There are fewer reports on LM pectin cross-linking using monovalent cations such as sodium (Na+) and potassium (K+). Cross-linking with these monovalent cations is produced at a low pH (approximately from pH = 2 to pH = 4) [27][28][29][30]. The cross-linking with monovalent ions diminishes the repulsive charges between pectin chains and promotes chain-chain association via hydrogen bonding [27][30]. It was suggested that at pH = 4.5, the cross-linking would more effective using K+ than Na+ because of the charge screening, galacturonic acid de-esterification, hydrogen bond changes, and electronic attraction [27]. Moreover, by increasing the pH to higher values (alkaline conditions), it was also found [27] that Na+ ions generated much stronger gels than those induced by K+ in HM pectin. In accordance, Yoo and coworkers [31] also studied poly (methyl esterase) mediated de-esterified citrus pectin when cross-linked with Na+, K+, and Li+. In agreement with Chen et al. [27], they observed that stronger cross-linking was produced using Na+ followed by K+ at pH = 7, whereas the reverse was true for pH = 5. A similar study was performed by Strom et al. [30][31], where the influence of L+, Na+, and K+ on LM pectin rheology in an acid solution was evaluated. These investigations revealed that K+ formed the strongest gels, followed by Na+ and Li+. Furthermore, LM pectin was cross-linked by NaCl (0.05M) with and without ZnCl2 [29] and could form nanoparticles. Li+ does not form gels at any of the tested conditions. This behavior was ascribed to an increase in the ionic radius of the hydrated cation.
Trivalent cations have also been employed as cross-linking agents for pectin [32][33][34][35]. It was found [32][33] that independent of the methyl-esterification degree, Al3+ binds pectin chains had the condition of pH ≥ 4. In a rheological investigation [33], Ca2+, Cu2+, Al3+, and La3+ ions were used as cross-linking agents.

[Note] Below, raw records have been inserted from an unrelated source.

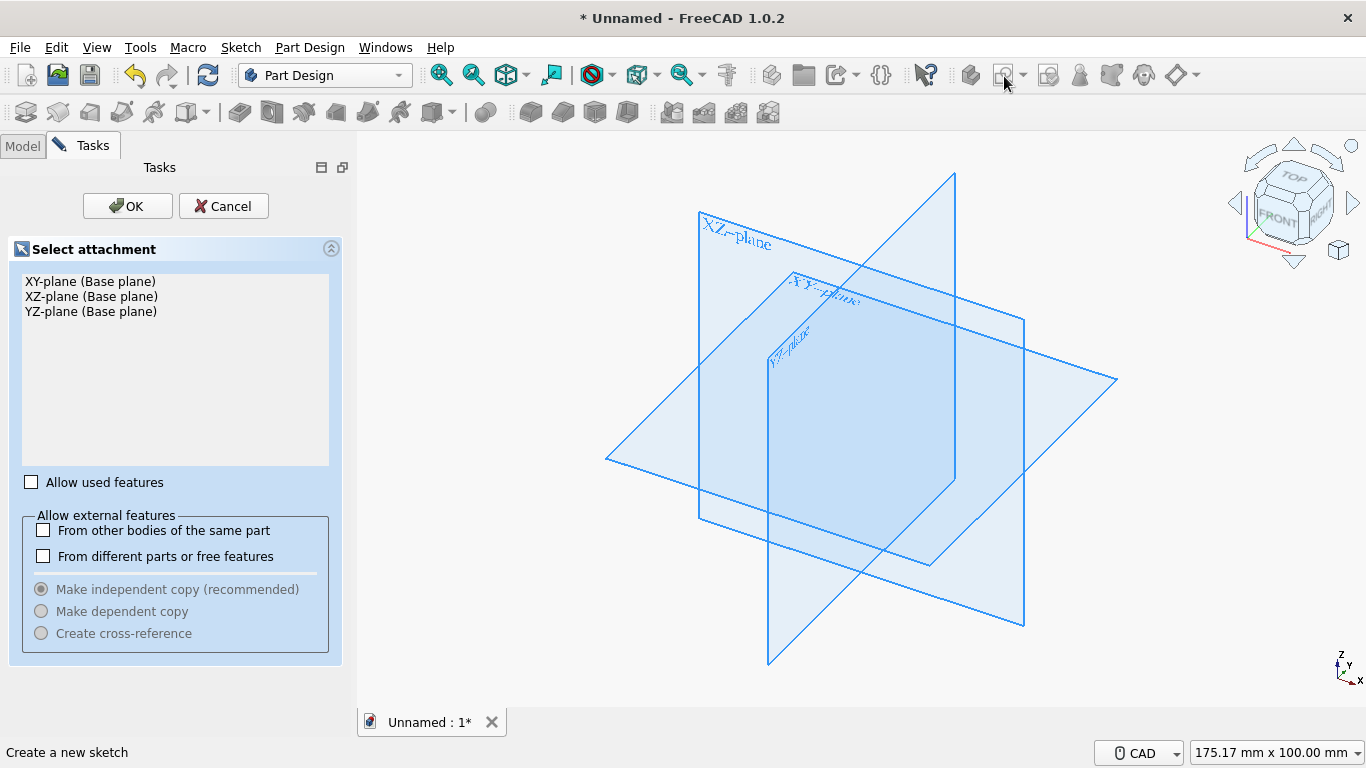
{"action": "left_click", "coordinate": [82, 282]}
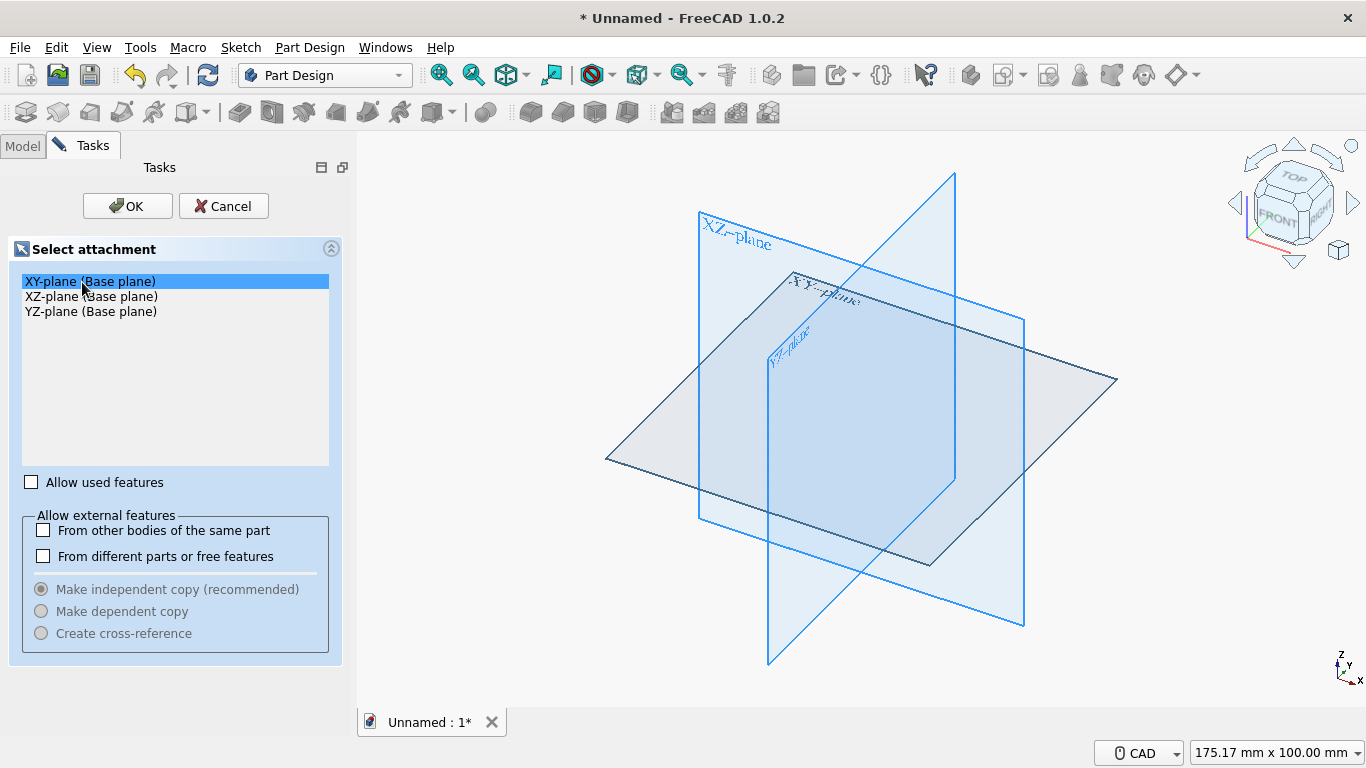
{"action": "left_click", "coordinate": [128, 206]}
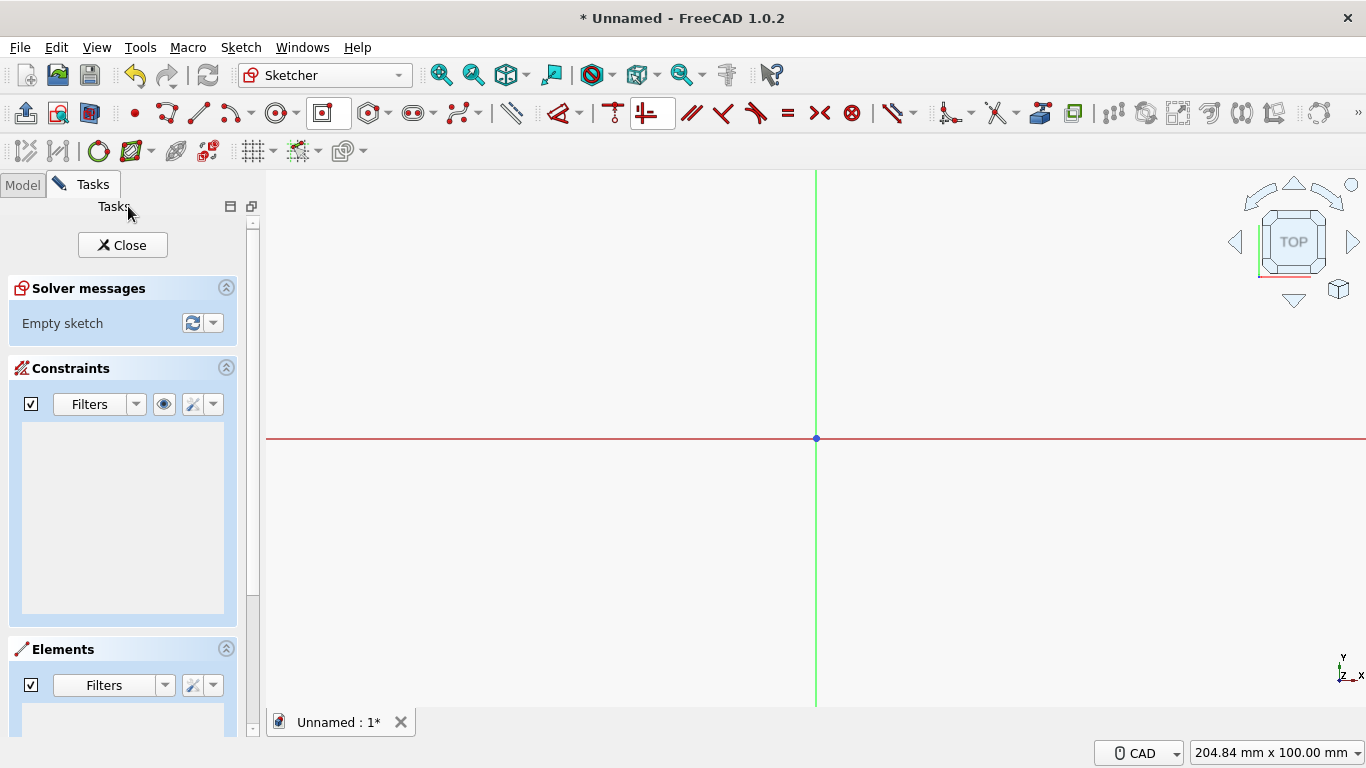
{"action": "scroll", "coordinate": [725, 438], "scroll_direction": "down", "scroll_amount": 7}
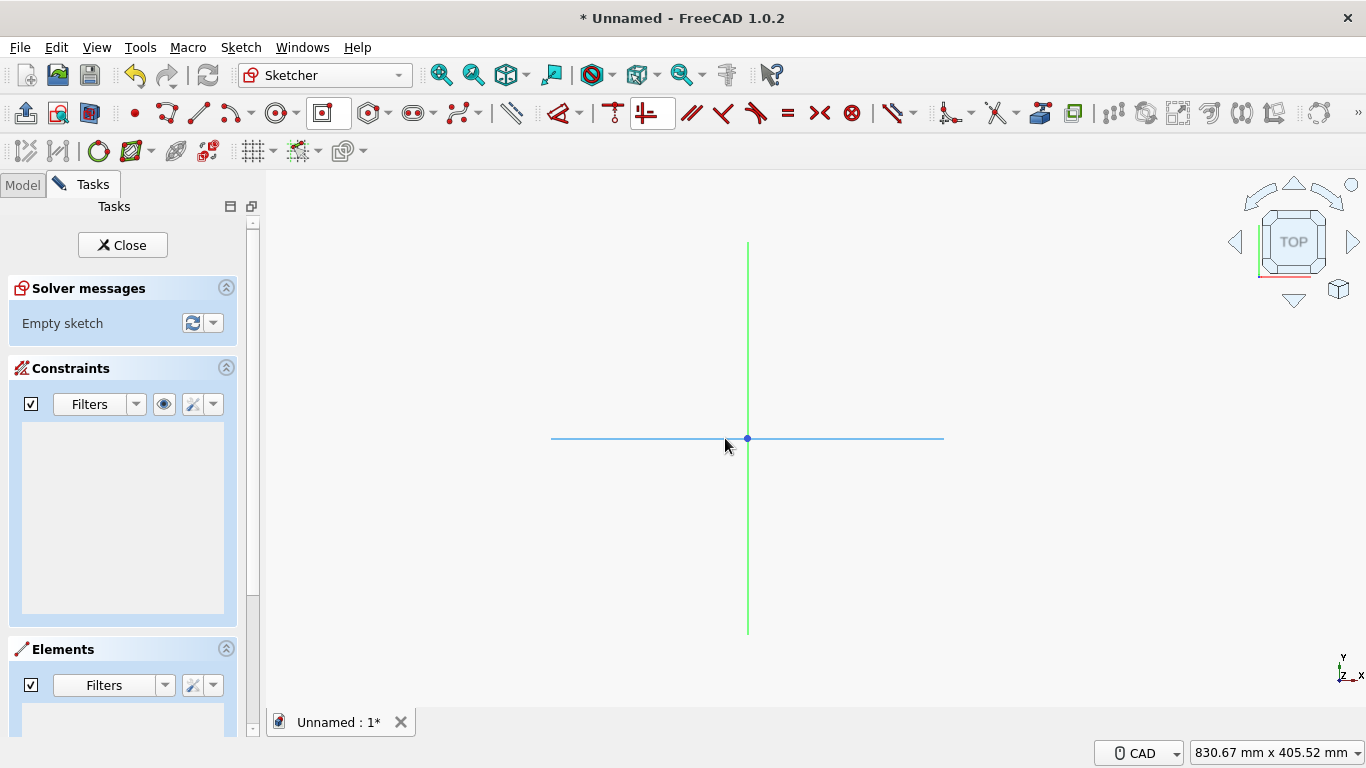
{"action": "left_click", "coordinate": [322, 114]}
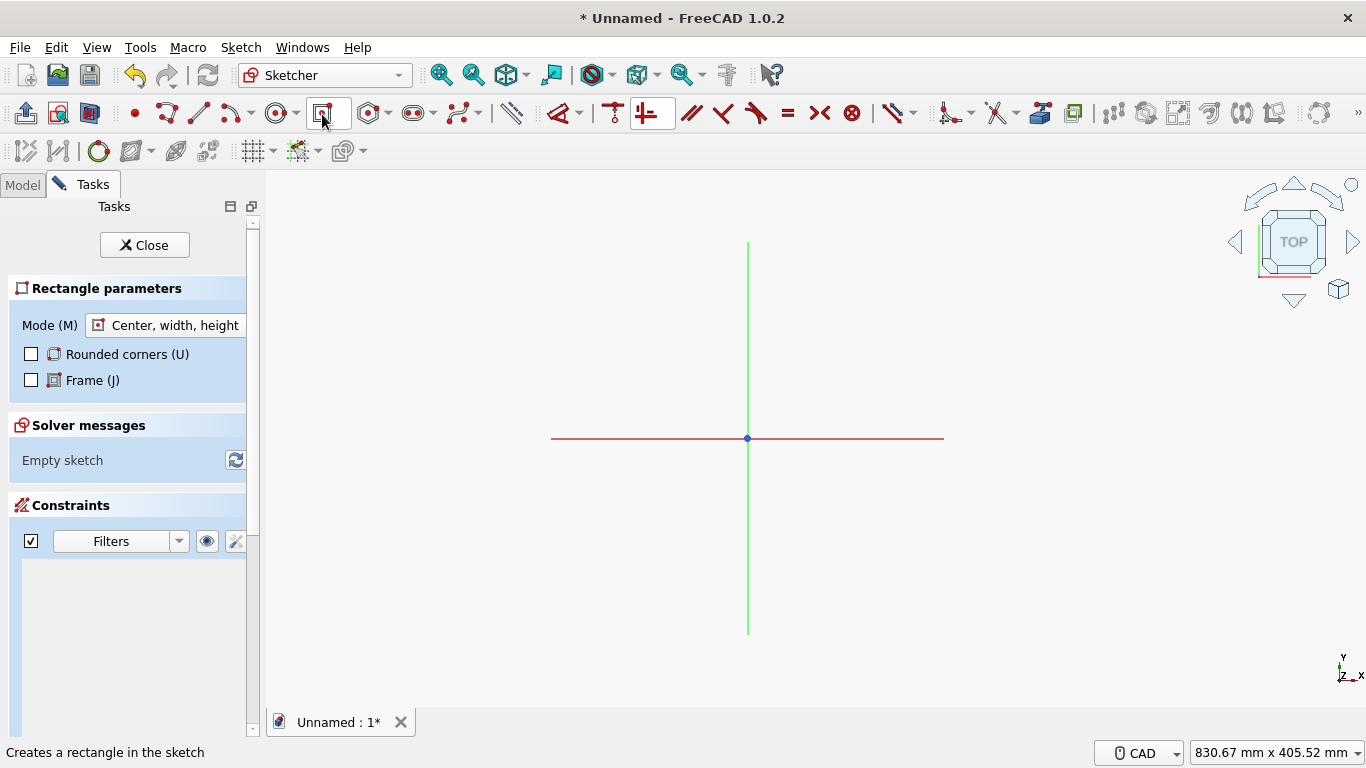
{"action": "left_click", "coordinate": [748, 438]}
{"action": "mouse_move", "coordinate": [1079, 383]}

All these cations can form pectin gels. It was stated that the weakest gel was formed with La3+, followed by Ca2+, similar to Al3+, while Cu2+ was one order of magnitude more substantial than the other cations. Finally, it was reported that the trivalent cations Fe3+, Ce3+, Pr3+, and Nd3+ could establish cross-links in pectin [35]. In that work, the formation of isolated rhamnogalacturonan II dimers was reported. Still, there were no reports regarding what type of structure the pectin chains formed in the presence of these trivalent metals.
Apart from monovalent or trivalent cations, divalent cations such as Ca2+ are the most used cross-linking agents for pectin. The gelation of LM pectin with calcium ions occurs by forming junction zones according to the so-called “egg-box” model, which has been initially described for alginates [36]. The lower the pectin esterification degree, the more divalent the cation binding sites that are available on pectin, and the ability to absorb divalent cations increases. The following section will discuss the egg-box model from a historical perspective.
Many works have proven the effective cross-linking of LM pectin using Ca2+ [37][38][39][40][41][42][43][44][45]. In addition to Ca2+, the cross-linking of LM pectin with Cd2+ and Cu2+ was reported for drug delivery applications [46]; Pectin was also cross-linked with Sr2+ and Zn2+ to form aerogels for diclofenac sodium controlled release [47]. Pectin cross-linked by Cu2+ ions was reported to be used as a scaffold for gold nanoparticles [48]. Moreover, pectin was cross-linked with a 2% (w/v) ZnCl2 solution [49] to evaluate the potential healthcare applicability, and Das and coworkers [50] used LM pectin cross-linked with Zn2+ to encapsulate a colon-specific drug delivery microsphere.
On the other hand, other molecules have been used to induce the gelation of LM pectin. Yoshimura and coworkers [22] described the cross-linking of the LM pectin with ethylene glycol diglycidyl ether and glutaraldehyde or Ca2+. They found that glutaraldehyde produced pectin gels, whereas the ethylene glycol diglycidyl ether did not show an apparent gel formation. Ullah and coworkers [51] reported the cross-link of pectin with methylene bisacrylamide and ammonium persulfate as initiators. Pre-saponified pectin was also cross-linked with adipic acid [52] or adipic acid dihydrazide, which was previously involved in the oxidation of pectin [53]. Chen and coworkers compared the cross-link using adipic acid dihydrazide and the classic Ca2+ cross-link, reporting that the adipic acid dihydrazide cross-link significantly improved cell adhesion. Another example of a non-ionic gelling agent is laccase, which was employed to cross-link sugar beet pectin, as performed by Jung and Wicker [54], where they noticed an increase in the molecular weight of pectin by chromatographic techniques.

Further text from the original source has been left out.